Несмотря на то, что права женщин и мужчин формально равные, ни о каком реальном равноправии полов речи не идет. По сути, способность женщин к деторождению превратилась в наше проклятие. Именно эта способность делает женщину нежеланным и бесперспективным работником.
Женщин во власти почти никто не представляет. Доля женщин-депутатов в Госдуме ниже среднемирового уровня. Число женщин-губернаторов можно пересчитать по пальцам одной руки. Монополия на власть находится в руках у мужчин, и войти во власть большему количеству женщин при нынешнем избирательном законодательстве не представляется возможным. Проходные места в партийных списках парламентских партий закреплены за мужчинами. На женщин — перспективных политиков — фабрикуют уголовные дела, чтобы «закрыть» нас понадежней. А по убийствам женщин-политиков Россия впереди планеты всей.
В быту, в СМИ навязывается культура насилия, вторичности роли женщины и объективации женского тела. Именно поэтому феминизм должен стать мощным политическим движением. Потому что кроме нас нас защитить некому. Феминизм— это равноправие мужчин и женщин. Феминистки — это женщины с развитым уровнем собственного достоинства и женской солидарности. Мы не принимаем и не признаем навязанных патриархальных догм, рассматриваем женщину как субъект, а не как объект.
Разные феминистки придерживаются разных взглядов и могут углубляться в разные проблемы. Кто-то акцентирует внимание на проблеме домашнего насилия, кто-то на проблеме дискриминации на работе. Кто-то является веганкой, кто-то нет. Феминистки могут быть лесбиянками, асексуалками, би и гетеросексуалками. Однако это не мешает нам делать общее дело и понимать, что враг у нас общий — патриархат.
Я не считаю, что кто-то кем-то может являться с рождения: феминисткой, математиком, еврейкой… Это все — социальное. Я думаю, что феминисткой становятся исходя из какого-то опыта или прочитанных книг. Можно, наверное, стать спонтанно феминисткой, даже не зная такого слова, но я не уверена.
У меня было много опыта в жизни, который накопился. Я стала систематизировать свой опыт личных отношений, отношение к моей работе, я начала думать о том, как меня общество заталкивает в гендерную роль и говорит, что я до 30 лет должна выйти замуж и родить ребенка, иначе я вообще не человек.
Я читала много статей и не очень много книг на феминистские темы. Довольно сильно на меня повлиял «Второй пол» Симоны де Бовуар. Сейчас я считаю, что это морально устаревшая книга, но тогда она позволила мне посмотреть под неожиданным углом на расстановку сил в обществе.
Раньше у меня было более конкретное представление о том, что такое феминизм. Сейчас я даже не знаю, как объяснить человеку, что значит феминизм для меня, потому что есть много феминизмов. Я считаю, что это нормально, когда в российском феминизме существует множество направлений, и что многие в чем-то не сходятся и ругаются.

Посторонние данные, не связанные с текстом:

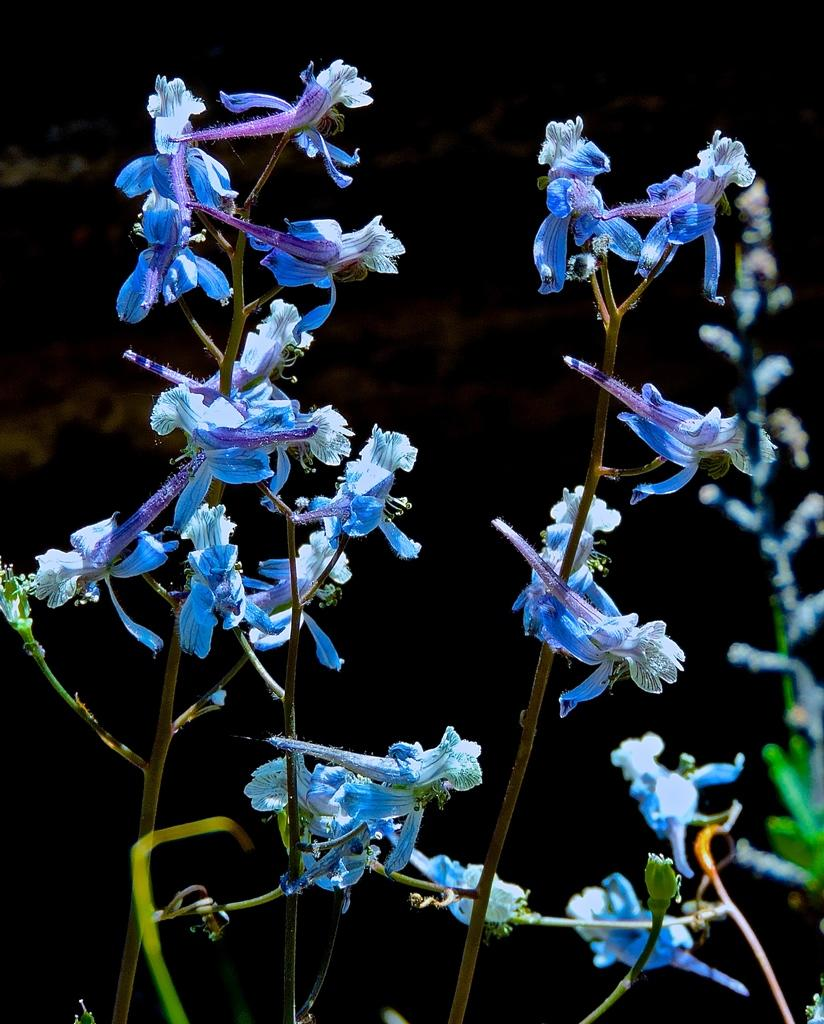What types of living organisms can be seen in the image? Plants and flowers are visible in the image. Can you describe the background of the image? The background of the image is dark. What type of wool can be seen in the image? There is no wool present in the image. How many bikes are visible in the image? There are no bikes present in the image. 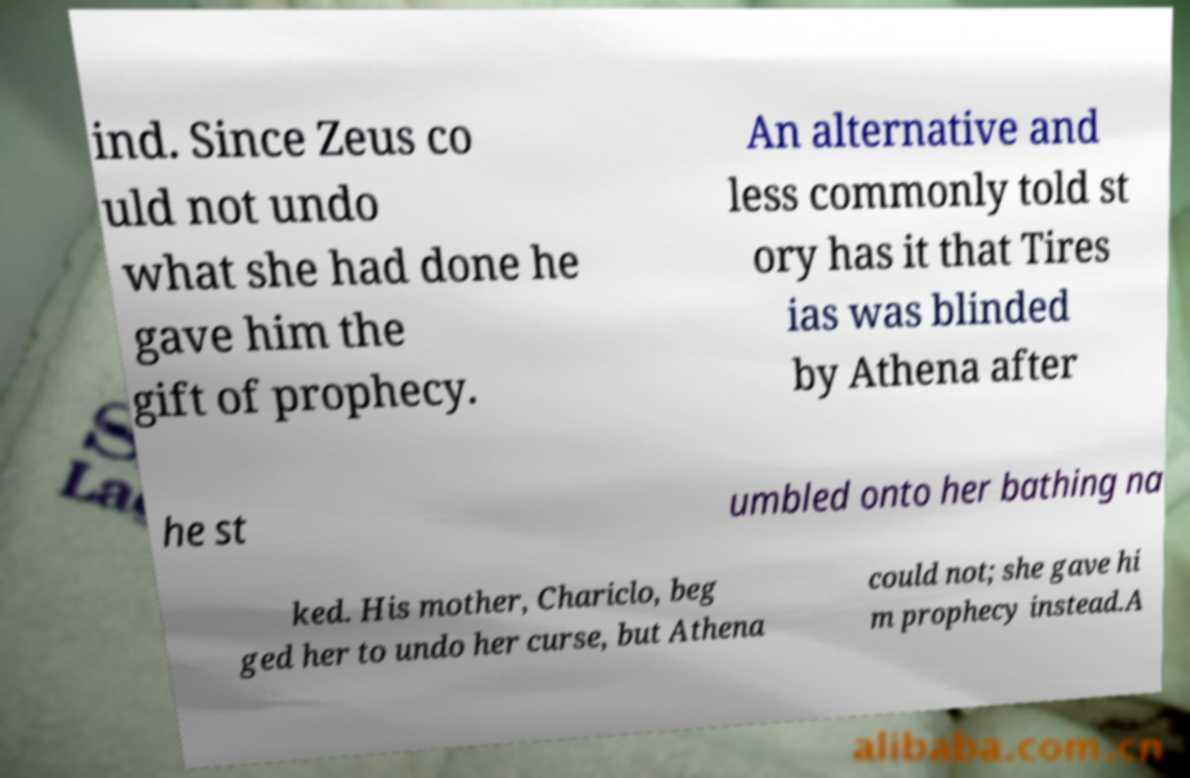Can you accurately transcribe the text from the provided image for me? ind. Since Zeus co uld not undo what she had done he gave him the gift of prophecy. An alternative and less commonly told st ory has it that Tires ias was blinded by Athena after he st umbled onto her bathing na ked. His mother, Chariclo, beg ged her to undo her curse, but Athena could not; she gave hi m prophecy instead.A 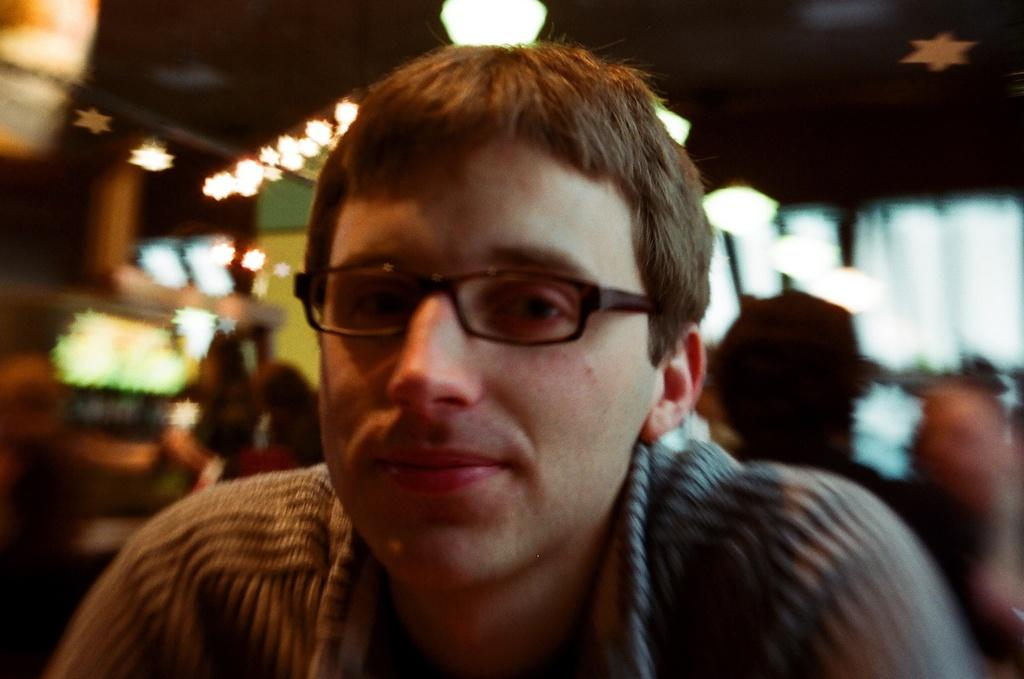Who is the main subject in the image? There is a person highlighted in the image. What is the appearance of the background in the image? The background is blurred. Can you describe the people in the background? There are people visible in the background. What is the structure with lights in the image? The roof with lights is present in the image. What else can be seen in the image besides the person and the background? There are objects visible in the image. What type of game is being played by the person in the image? There is no game being played in the image; it only shows a person with a blurred background and a roof with lights. What is the purpose of the pail in the image? There is no pail present in the image.

Мой феминизм — это сложное хитросплетение и борьба вообще со всеми видами дискриминаций, которые все имеют одну и ту же природу: патриархат. Доминирование сильных.
Идеальное общество я вижу как социальное государство, в котором у всех равный доступ к ресурсам. Общество, где вследствие дискуссий и позитивной дискриминации все пришли бы к тому, чтобы мужское или белый цвет кожи, или гетеросексуальность и так далее — не понималось как общечеловеческое. Должно исчезнуть само понятие нормативности. Если говорить о России, то поменяться должно все вообще. Это мачистская страна, тут уважают право сильного.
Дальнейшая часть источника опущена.